### WHAT THE EXERCISE ASKS
Some lines in the entries contain the word "around". Copy all of them.

### ENTRIES PROVIDED

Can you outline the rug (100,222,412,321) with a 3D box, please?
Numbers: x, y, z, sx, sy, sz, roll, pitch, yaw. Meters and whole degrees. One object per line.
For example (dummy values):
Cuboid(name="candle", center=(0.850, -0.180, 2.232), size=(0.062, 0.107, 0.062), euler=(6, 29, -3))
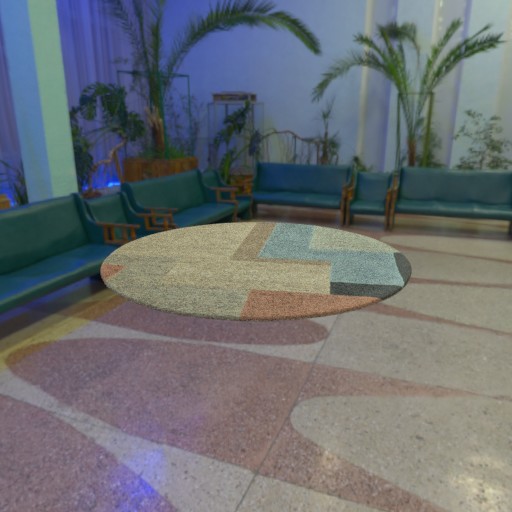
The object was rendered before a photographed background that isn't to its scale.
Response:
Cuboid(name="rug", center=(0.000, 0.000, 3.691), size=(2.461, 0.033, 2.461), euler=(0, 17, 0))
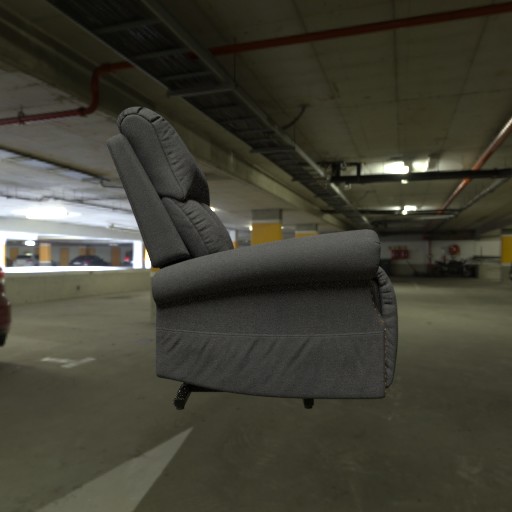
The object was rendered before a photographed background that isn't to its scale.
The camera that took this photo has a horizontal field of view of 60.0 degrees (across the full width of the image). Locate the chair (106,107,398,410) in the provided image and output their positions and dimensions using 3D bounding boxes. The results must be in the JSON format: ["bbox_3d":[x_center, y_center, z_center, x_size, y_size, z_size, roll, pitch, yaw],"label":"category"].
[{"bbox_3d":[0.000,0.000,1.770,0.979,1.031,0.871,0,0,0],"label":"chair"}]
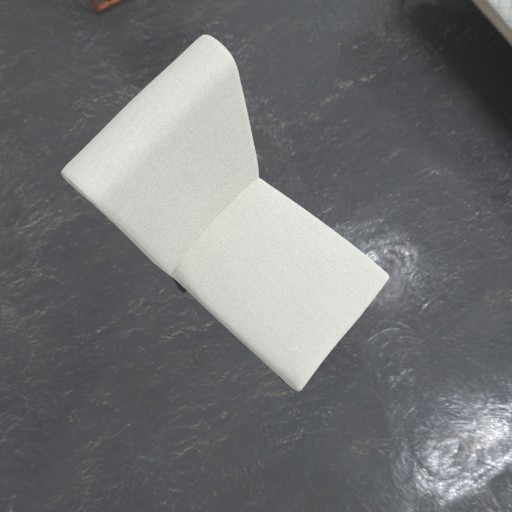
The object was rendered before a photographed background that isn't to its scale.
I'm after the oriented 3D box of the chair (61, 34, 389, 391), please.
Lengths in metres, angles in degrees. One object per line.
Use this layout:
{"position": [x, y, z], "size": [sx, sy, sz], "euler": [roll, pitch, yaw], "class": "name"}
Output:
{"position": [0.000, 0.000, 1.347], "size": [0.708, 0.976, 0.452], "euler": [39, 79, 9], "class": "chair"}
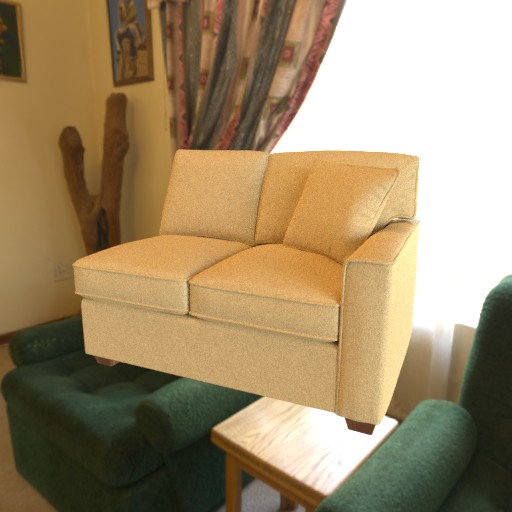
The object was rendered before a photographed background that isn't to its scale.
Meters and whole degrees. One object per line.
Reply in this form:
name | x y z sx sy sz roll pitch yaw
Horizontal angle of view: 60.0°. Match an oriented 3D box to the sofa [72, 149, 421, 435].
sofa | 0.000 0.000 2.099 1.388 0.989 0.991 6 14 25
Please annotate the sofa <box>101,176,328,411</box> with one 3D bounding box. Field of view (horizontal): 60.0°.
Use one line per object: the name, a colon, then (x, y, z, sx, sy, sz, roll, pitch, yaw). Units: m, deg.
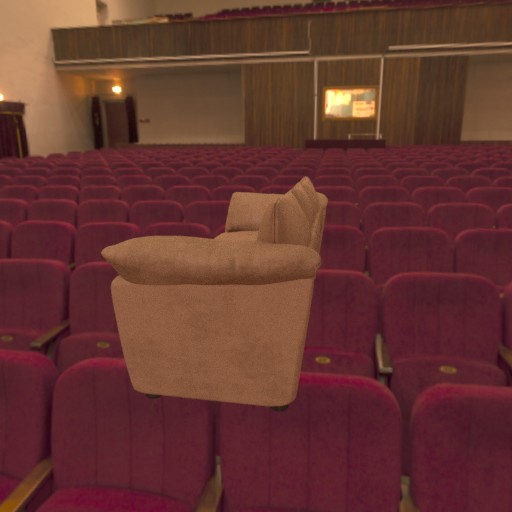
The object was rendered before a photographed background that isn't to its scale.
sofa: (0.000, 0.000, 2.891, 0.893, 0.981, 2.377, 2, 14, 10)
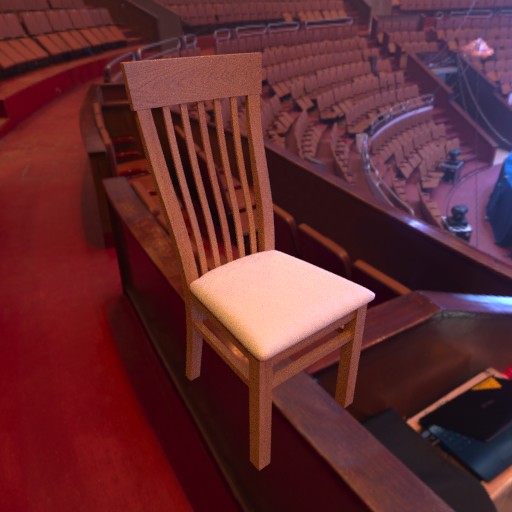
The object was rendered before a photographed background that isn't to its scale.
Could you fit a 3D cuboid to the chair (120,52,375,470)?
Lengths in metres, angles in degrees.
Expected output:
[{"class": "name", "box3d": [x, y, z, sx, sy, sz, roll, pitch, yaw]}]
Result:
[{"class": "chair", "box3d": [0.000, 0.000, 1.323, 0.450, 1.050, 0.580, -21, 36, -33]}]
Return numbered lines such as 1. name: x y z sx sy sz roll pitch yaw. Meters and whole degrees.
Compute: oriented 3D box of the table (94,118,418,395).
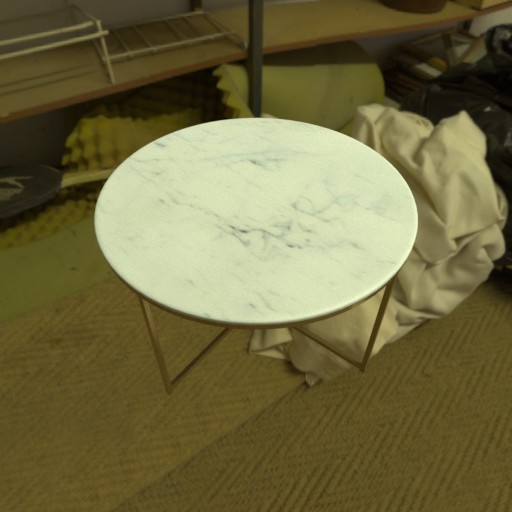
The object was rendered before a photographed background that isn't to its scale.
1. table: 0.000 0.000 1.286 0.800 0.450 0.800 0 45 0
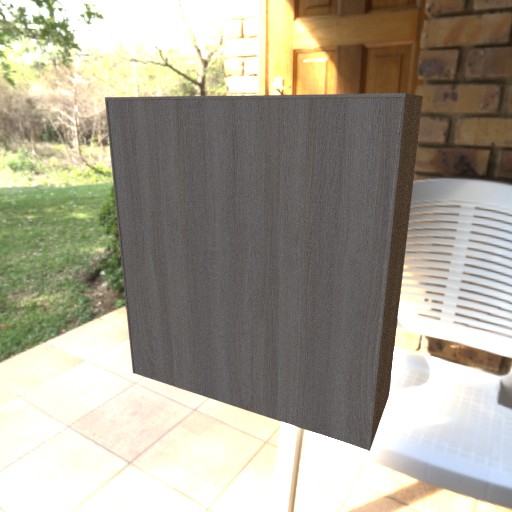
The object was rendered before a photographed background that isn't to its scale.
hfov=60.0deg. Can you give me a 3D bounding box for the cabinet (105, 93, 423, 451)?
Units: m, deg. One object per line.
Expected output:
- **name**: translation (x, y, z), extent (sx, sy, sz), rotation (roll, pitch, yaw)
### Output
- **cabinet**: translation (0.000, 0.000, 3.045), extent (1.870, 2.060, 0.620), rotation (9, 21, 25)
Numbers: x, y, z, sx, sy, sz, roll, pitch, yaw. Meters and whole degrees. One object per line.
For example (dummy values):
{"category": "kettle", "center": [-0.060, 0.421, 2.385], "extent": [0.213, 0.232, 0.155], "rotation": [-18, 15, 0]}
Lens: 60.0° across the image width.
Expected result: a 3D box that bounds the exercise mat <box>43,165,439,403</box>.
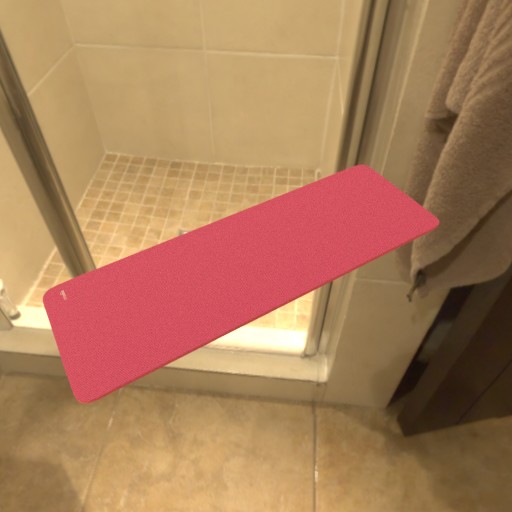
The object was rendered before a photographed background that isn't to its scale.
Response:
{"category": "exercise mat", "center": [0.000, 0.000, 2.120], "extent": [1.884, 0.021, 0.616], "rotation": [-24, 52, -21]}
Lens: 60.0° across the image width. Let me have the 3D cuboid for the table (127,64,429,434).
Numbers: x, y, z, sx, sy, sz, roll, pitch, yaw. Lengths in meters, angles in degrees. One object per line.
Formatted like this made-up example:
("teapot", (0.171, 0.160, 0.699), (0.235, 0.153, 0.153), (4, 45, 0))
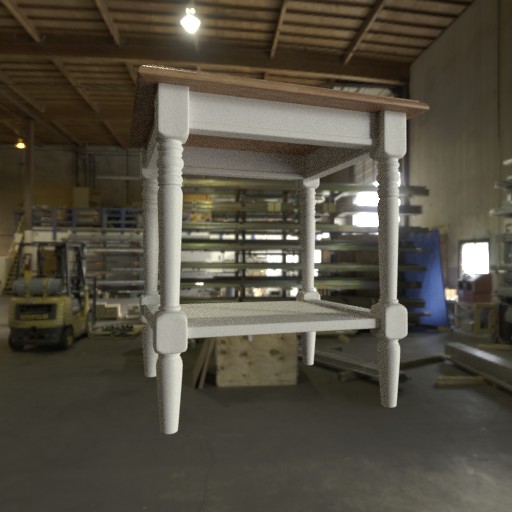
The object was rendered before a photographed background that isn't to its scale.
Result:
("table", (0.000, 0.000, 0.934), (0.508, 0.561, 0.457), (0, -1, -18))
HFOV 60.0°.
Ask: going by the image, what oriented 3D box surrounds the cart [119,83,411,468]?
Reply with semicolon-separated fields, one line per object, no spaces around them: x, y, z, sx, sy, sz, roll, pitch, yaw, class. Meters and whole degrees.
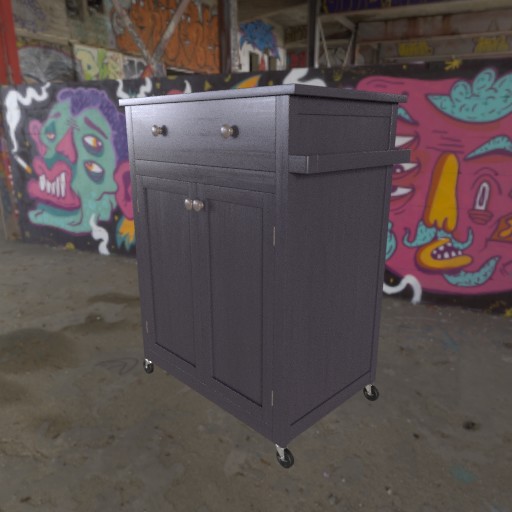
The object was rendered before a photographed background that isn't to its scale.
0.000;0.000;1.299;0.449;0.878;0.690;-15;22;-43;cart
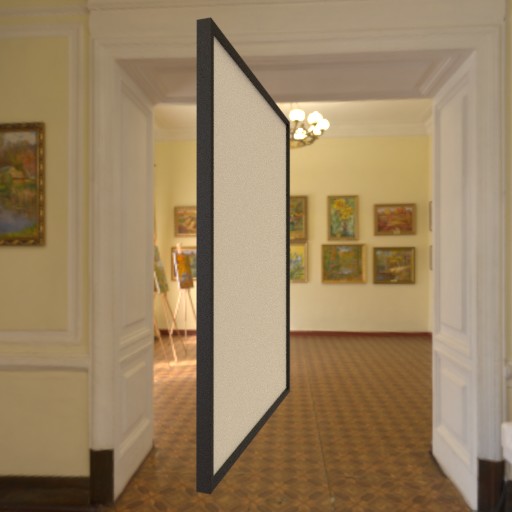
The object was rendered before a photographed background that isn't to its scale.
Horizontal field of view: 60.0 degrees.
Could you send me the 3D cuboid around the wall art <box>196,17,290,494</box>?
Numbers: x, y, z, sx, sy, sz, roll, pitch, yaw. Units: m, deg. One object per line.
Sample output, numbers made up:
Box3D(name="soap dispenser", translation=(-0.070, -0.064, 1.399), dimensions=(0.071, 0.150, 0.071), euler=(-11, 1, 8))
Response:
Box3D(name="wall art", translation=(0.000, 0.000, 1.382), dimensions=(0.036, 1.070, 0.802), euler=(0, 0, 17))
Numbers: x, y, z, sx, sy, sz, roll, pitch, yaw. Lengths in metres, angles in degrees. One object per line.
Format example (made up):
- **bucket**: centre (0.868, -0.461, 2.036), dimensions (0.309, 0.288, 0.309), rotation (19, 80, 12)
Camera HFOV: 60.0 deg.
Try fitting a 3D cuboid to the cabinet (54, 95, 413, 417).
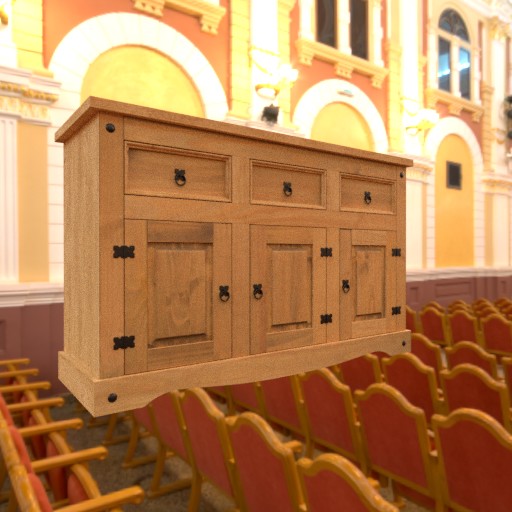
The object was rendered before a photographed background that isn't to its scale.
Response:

### YOUR SOLUTION
Reply with semicolon-separated fields, one line per object, no spaces around them: x, y, z, sx, sy, sz, roll, pitch, yaw, class. Meters and whole degrees.
Could you send me the 3D cuboid around the wall art <box>196,17,290,494</box>?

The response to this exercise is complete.